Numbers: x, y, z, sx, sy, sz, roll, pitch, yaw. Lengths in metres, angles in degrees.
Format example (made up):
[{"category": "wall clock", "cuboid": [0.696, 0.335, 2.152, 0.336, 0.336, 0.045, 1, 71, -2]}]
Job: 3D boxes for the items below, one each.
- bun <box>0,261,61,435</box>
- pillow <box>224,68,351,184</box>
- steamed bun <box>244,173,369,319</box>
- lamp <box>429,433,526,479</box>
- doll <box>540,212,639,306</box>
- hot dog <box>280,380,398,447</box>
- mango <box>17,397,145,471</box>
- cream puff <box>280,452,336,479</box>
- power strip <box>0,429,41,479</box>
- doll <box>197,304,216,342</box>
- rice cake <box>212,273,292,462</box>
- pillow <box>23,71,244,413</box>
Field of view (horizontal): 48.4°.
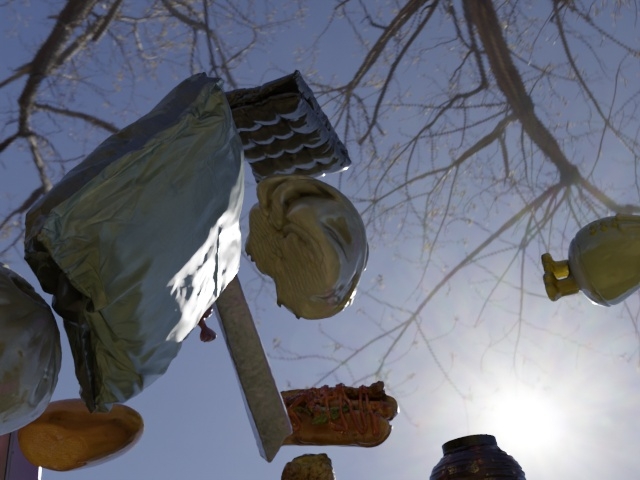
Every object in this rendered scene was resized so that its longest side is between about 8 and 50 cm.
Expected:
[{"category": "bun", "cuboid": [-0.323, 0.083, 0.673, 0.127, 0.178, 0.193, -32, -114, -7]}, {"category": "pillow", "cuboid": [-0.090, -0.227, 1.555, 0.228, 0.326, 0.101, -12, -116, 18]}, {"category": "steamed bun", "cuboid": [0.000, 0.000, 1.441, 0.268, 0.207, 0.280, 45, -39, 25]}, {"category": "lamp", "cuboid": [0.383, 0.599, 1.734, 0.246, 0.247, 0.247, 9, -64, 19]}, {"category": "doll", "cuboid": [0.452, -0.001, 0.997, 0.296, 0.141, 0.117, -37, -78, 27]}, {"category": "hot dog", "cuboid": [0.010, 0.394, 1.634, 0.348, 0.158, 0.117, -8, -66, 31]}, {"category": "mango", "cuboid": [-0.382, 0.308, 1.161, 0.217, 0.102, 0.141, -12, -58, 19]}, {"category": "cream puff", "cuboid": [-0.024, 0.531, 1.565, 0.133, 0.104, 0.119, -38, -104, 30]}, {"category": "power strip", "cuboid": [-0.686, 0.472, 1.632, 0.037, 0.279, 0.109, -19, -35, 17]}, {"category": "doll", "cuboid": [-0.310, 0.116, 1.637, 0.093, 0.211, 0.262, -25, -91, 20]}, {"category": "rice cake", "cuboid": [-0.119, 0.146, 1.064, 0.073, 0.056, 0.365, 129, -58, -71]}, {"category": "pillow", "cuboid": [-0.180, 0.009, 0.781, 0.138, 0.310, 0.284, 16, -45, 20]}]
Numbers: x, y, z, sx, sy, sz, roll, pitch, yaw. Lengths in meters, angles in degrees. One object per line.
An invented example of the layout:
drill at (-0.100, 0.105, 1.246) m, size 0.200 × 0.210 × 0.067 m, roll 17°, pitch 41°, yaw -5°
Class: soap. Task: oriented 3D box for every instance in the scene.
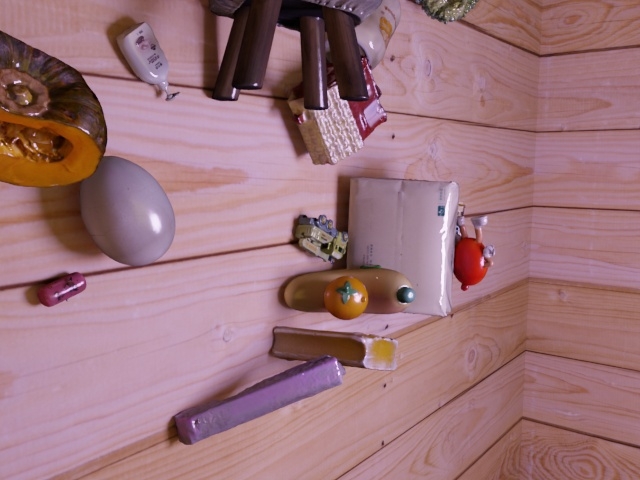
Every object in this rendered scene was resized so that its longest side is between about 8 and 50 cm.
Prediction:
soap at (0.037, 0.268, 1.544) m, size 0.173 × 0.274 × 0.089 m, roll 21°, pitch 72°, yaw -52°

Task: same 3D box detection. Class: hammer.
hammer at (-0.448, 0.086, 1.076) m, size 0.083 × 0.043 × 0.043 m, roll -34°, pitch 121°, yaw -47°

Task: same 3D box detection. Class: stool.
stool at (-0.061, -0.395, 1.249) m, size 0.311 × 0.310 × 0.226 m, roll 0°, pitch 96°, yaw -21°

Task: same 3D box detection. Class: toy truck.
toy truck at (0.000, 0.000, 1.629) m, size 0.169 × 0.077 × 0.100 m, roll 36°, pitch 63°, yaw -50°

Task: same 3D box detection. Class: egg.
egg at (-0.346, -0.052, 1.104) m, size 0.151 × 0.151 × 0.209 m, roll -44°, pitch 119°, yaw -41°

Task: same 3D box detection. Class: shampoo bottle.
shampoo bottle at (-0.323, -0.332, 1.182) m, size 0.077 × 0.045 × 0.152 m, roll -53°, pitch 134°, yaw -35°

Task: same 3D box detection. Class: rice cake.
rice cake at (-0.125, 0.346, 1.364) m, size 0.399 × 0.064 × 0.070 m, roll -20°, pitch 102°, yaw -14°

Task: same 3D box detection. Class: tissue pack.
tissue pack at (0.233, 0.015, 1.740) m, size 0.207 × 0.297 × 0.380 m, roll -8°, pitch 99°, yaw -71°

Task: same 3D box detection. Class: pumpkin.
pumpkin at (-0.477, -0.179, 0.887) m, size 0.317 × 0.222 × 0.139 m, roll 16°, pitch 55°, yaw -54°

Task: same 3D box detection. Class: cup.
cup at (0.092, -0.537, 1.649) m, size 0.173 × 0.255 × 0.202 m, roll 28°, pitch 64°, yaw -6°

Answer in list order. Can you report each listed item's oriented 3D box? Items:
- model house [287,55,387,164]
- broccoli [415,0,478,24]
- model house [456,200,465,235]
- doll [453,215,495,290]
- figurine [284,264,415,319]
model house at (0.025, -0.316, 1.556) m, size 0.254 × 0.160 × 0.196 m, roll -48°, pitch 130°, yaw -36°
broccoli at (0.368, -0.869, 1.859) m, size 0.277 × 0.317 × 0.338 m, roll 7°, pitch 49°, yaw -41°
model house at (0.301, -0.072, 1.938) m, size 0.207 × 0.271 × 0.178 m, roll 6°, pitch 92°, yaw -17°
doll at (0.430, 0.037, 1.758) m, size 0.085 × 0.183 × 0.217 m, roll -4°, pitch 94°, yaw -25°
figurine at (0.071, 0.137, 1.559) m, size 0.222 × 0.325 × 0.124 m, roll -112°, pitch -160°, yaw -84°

===============

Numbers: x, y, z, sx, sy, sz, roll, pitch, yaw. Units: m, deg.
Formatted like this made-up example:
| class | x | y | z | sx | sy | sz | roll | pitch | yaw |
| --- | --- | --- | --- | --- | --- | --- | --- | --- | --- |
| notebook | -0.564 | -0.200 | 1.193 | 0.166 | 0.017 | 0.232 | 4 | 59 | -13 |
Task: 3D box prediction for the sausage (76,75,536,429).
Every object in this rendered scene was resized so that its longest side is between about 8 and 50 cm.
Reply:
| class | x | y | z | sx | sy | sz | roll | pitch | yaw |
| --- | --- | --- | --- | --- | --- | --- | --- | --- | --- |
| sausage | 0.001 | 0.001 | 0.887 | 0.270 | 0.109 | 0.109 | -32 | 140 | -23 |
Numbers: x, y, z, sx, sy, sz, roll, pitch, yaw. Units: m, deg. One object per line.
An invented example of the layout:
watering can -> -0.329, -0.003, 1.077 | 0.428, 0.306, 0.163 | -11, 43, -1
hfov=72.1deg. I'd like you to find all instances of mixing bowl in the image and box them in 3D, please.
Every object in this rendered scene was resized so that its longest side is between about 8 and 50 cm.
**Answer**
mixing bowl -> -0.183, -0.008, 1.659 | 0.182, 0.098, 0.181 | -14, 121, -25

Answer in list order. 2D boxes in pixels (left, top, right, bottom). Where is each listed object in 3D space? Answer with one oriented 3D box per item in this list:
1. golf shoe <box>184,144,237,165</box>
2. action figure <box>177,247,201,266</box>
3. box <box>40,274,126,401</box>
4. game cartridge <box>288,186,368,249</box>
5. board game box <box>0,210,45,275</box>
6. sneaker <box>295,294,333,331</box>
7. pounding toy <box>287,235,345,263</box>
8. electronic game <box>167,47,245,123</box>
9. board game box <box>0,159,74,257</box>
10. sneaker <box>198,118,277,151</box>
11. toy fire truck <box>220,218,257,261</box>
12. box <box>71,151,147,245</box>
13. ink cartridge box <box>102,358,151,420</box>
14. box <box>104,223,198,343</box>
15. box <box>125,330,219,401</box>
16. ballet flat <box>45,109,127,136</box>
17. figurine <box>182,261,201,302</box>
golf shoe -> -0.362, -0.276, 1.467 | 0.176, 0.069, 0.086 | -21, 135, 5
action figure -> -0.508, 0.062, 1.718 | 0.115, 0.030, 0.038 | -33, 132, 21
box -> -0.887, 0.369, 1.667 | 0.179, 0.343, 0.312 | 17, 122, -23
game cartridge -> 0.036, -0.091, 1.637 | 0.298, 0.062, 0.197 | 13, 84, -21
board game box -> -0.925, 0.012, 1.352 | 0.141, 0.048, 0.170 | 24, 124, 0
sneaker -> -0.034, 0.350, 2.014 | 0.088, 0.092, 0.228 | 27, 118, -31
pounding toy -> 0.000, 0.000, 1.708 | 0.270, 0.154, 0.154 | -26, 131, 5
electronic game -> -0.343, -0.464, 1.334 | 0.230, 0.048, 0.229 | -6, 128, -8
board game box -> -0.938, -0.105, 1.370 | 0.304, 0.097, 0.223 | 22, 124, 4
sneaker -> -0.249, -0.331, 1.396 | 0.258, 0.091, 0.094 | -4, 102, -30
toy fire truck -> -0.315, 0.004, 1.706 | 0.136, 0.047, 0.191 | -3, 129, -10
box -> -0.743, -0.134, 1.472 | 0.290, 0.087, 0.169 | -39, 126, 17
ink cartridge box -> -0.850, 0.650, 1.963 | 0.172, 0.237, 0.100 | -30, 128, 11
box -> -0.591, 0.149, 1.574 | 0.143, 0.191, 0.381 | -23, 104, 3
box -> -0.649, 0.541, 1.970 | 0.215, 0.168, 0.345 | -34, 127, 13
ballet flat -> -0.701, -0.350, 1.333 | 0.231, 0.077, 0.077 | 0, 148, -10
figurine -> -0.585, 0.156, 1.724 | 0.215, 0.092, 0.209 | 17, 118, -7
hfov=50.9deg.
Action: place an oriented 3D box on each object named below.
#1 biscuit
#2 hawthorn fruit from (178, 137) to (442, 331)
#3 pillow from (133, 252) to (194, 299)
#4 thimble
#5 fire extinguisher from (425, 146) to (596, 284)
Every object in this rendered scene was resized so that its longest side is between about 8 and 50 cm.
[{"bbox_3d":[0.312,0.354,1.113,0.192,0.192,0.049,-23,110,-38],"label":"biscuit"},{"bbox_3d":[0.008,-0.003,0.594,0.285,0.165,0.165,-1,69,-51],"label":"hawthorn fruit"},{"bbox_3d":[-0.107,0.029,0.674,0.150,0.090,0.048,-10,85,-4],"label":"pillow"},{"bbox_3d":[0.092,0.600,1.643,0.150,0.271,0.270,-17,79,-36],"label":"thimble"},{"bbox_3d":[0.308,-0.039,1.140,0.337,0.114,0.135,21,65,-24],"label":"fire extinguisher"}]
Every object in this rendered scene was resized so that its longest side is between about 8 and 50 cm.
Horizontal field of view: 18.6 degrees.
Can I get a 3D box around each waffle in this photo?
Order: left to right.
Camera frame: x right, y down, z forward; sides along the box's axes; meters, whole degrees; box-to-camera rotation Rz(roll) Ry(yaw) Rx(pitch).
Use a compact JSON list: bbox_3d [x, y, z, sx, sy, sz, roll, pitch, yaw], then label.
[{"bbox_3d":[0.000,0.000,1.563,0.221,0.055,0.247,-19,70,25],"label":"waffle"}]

===============

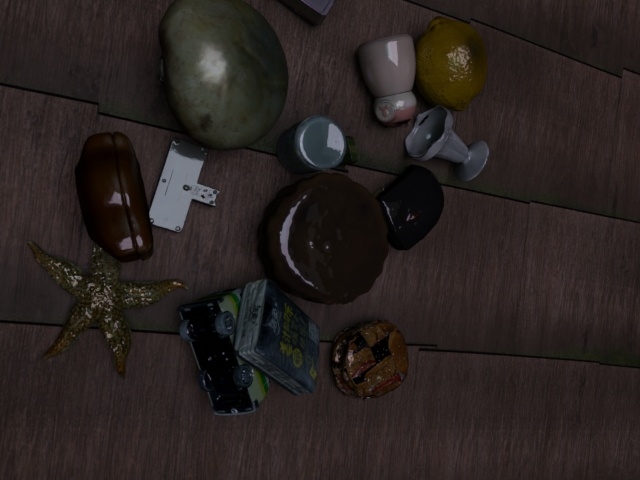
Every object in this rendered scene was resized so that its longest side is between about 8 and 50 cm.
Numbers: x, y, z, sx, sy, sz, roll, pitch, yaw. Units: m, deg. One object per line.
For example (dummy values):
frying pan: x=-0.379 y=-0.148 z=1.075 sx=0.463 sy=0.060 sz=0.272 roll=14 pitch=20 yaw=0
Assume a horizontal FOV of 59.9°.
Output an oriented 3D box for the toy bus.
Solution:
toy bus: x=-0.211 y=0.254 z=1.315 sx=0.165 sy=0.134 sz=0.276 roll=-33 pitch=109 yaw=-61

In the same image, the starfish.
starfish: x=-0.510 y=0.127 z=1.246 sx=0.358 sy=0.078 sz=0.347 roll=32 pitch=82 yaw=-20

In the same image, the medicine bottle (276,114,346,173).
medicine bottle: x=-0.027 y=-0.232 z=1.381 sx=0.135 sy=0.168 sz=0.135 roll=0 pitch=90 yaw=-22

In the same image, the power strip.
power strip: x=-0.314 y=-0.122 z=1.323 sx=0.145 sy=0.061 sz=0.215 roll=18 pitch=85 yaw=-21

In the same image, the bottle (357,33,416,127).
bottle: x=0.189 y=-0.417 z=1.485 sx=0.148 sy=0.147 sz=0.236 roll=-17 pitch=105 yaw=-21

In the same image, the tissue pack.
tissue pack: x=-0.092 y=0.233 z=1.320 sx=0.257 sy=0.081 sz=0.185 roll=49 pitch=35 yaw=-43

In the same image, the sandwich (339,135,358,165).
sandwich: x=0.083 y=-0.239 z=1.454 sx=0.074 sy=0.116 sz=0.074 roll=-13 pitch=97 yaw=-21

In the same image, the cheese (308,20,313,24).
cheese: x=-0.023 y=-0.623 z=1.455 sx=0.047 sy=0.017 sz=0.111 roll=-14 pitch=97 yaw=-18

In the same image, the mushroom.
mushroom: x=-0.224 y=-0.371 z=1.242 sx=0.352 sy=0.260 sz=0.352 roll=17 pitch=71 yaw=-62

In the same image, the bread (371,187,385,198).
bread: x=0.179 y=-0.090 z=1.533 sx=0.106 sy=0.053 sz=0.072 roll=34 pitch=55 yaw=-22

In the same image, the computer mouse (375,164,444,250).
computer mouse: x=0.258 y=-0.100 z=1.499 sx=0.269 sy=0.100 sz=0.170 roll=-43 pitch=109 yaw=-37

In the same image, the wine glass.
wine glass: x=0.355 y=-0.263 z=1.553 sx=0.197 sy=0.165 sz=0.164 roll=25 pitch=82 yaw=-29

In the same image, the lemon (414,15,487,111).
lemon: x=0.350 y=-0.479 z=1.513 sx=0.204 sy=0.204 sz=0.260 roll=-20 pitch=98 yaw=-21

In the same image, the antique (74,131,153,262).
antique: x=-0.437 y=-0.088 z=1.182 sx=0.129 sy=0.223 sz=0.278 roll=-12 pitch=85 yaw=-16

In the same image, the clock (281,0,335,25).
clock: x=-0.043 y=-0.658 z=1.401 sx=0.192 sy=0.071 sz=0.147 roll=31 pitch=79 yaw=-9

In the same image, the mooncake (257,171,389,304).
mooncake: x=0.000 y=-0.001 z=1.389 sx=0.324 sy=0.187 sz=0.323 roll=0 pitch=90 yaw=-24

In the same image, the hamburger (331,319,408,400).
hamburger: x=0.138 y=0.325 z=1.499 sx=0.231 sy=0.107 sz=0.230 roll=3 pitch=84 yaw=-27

===============

▶ ACTIVITY
Review the material and copy each line in which the word "made" appears.

▶ RESPONSE
Format example (made up):
Formatted like this made-up example:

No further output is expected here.